In one embodiment, the light emitting diode includes a first type semiconductor layer, an active layer, and a second type semiconductor layer, and a first contact electrode having a reflective material may be formed on the first type semiconductor layer.

A method of manufacturing a light emitting device according to an embodiment of the present invention includes: preparing a substrate having a first surface and a second surface; Forming a plurality of light emitting diodes on a first surface of the substrate; Forming a scribe line to partition a plurality of light emitting diodes on a first surface of the substrate; Forming at least one internal processing line within the substrate; And separating the plurality of light emitting diodes individually along the scribe line.

In one embodiment, in the step of preparing the substrate, the thickness of the substrate may be 200 mu m to 300 mu m.

In one embodiment, the inner processing line may be formed by irradiating a pulsed laser through the second side of the substrate.

In one embodiment, in the step of forming the scribe line, the scribe line may be a " V " -type groove formed by irradiation of a laser.

In one embodiment, forming the internal machining line may include moving or rotating the laser system relative to at least one of the X, Y, and Z axes.

In one embodiment, the step of forming the internal machining line may include moving or rotating the substrate positioned above the machining surface of the laser system relative to at least one of the X, Y, and Z axes.

According to the embodiment of the present invention, a plurality of internal processing lines are formed inside the substrate through the back surface of the substrate so as not to damage the chip, and a "V" type scribe line is formed on the surface of the substrate, Of the chip can be stably performed, thereby improving the yield and improving the reliability.

According to the embodiment of the present invention, since the plurality of modified regions are formed on the side surface of the substrate after the individual separation process of the light emitting device by the internal processing line formed inside the substrate, the critical angle in the light emitting device side The external light extraction efficiency can be improved.

It should be understood that the effects of the present invention are not limited to the above effects and include all effects that can be deduced from the detailed description of the present invention or the configuration of the invention described in the claims.
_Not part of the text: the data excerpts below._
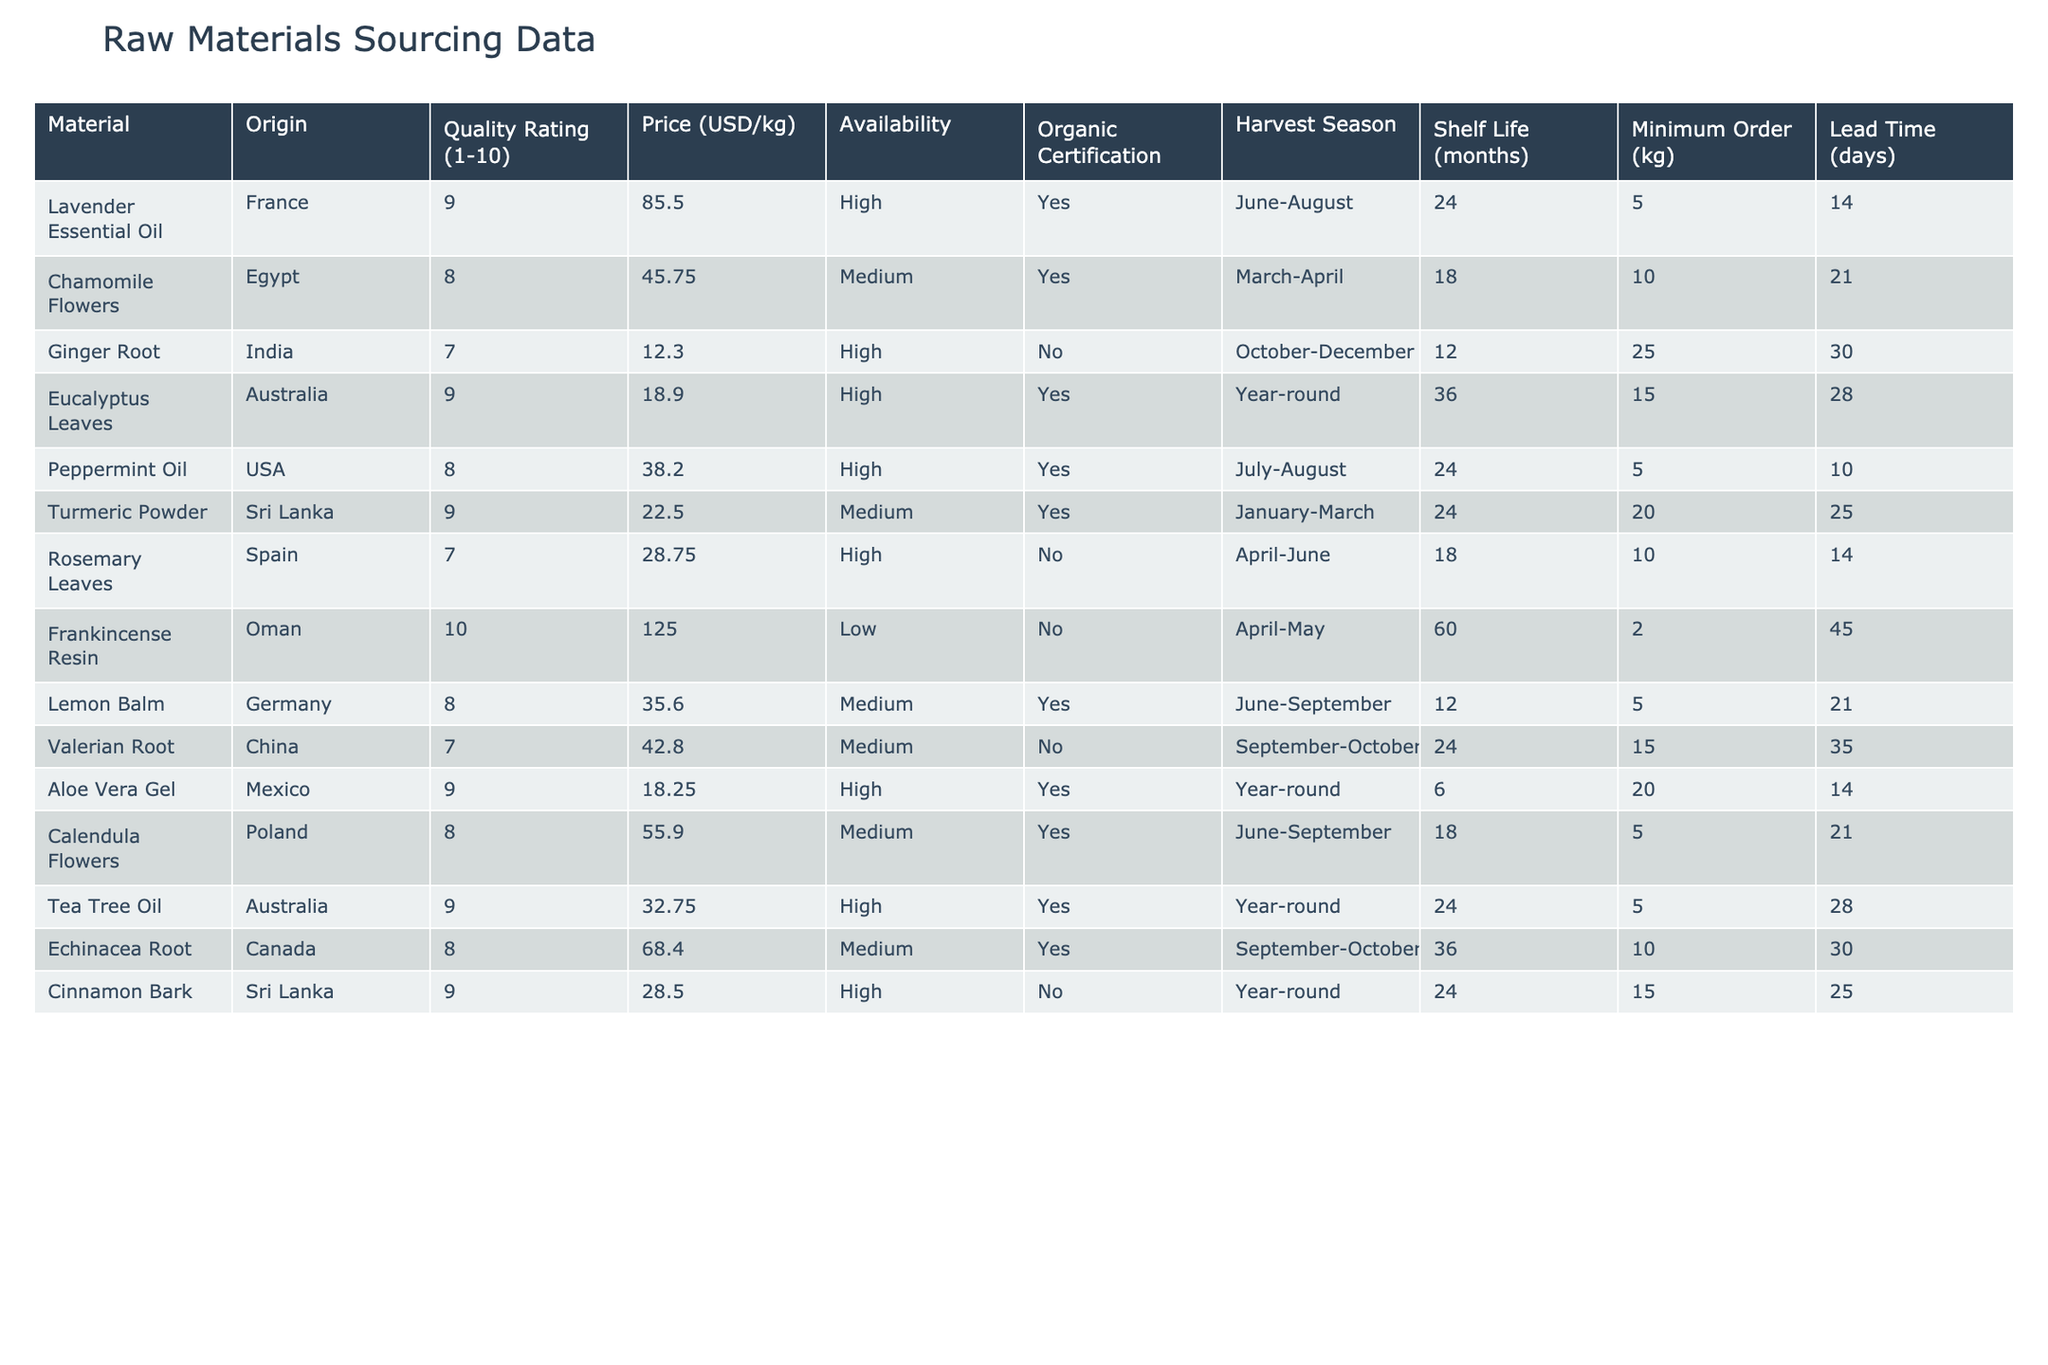What is the origin of Chamomile Flowers? The 'Origin' column specifies where each raw material comes from. In the row for Chamomile Flowers, it states 'Egypt' as the origin.
Answer: Egypt Which material has the highest quality rating? By examining the 'Quality Rating' column, we look for the maximum value, which is 10, associated with Frankincense Resin.
Answer: Frankincense Resin How many materials are certified organic? The 'Organic Certification' column contains 'Yes' or 'No' values. Counting the 'Yes' entries, we find there are 7 materials that are organic certified.
Answer: 7 What is the average price of materials with high availability? First, we identify materials with 'High' availability. The prices are Lavender Essential Oil ($85.50), Ginger Root ($12.30), Eucalyptus Leaves ($18.90), Peppermint Oil ($38.20), Aloe Vera Gel ($18.25), Cinnamon Bark ($28.50). Summing these gives $201.65, and dividing by 6 gives approximately $33.61.
Answer: 33.61 Is there any material with both high quality rating and organic certification? We check for materials with a quality rating of 8 or above and also 'Yes' under organic certification. The materials that fit this criteria are Lavender Essential Oil, Eucalyptus Leaves, Peppermint Oil, Aloe Vera Gel, and Tea Tree Oil. So, there are several such materials.
Answer: Yes Which material has the longest shelf life? By checking the 'Shelf Life' column, the highest value is 60 months for Frankincense Resin.
Answer: Frankincense Resin What is the minimum order quantity for materials from Sri Lanka? Reviewing the 'Minimum Order' column for materials from Sri Lanka, we find Turmeric Powder requires 20 kg and Cinnamon Bark requires 15 kg. The maximum of these is 20 kg.
Answer: 20 kg How many materials can be sourced year-round? The 'Harvest Season' column indicates which materials are available throughout the year. The materials with 'Year-round' are Eucalyptus Leaves, Aloe Vera Gel, and Tea Tree Oil, totaling 3 materials.
Answer: 3 What is the price difference between the highest and lowest quality rated materials? The highest quality rated material is Frankincense Resin priced at $125.00, and the lowest quality rated material is Valerian Root at $42.80. The difference is $125.00 - $42.80 = $82.20.
Answer: 82.20 Which material has the shortest lead time? By looking at the 'Lead Time' column, we see that the shortest lead time is 2 days for Frankincense Resin.
Answer: 2 days

1 is a plan view showing a light emitting device according to an embodiment of the present invention.
2 is a cross-sectional view taken along the line "A-A '" in FIG.
3 to 5 are cross-sectional views illustrating a process of manufacturing a light emitting device according to an embodiment of the present invention.
6A and 6B are photographs showing a cross-section and a plane view of a light emitting device having a plurality of internal processing lines according to an embodiment of the present invention, respectively.
7A and 7B are photographs showing a cross-section and a plane view of a light emitting device having a plurality of internal processing lines and a " V " -type groove according to an embodiment of the present invention.
8 is a perspective view illustrating a light emitting device package manufactured using a light emitting device according to an embodiment of the present invention.
9 is a graph showing the light emitting power Po according to the number of internal processing lines of the light emitting device according to an embodiment of the present invention.

DETAILED DESCRIPTION OF THE PREFERRED EMBODIMENTS Hereinafter, the present invention will be described with reference to the accompanying drawings. The present invention may, however, be embodied in many different forms and should not be construed as limited to the embodiments set forth herein. In order to clearly illustrate the present invention in the drawings, portions not related to the description are omitted, and like reference numerals are assigned to similar components throughout the specification.

Throughout the specification, when a part is referred to as being "connected" to another part, it includes not only "directly connected" but also "indirectly connected" . Also, when an element is referred to as "comprising ", it means that it can include other elements, not excluding other elements unless specifically stated otherwise.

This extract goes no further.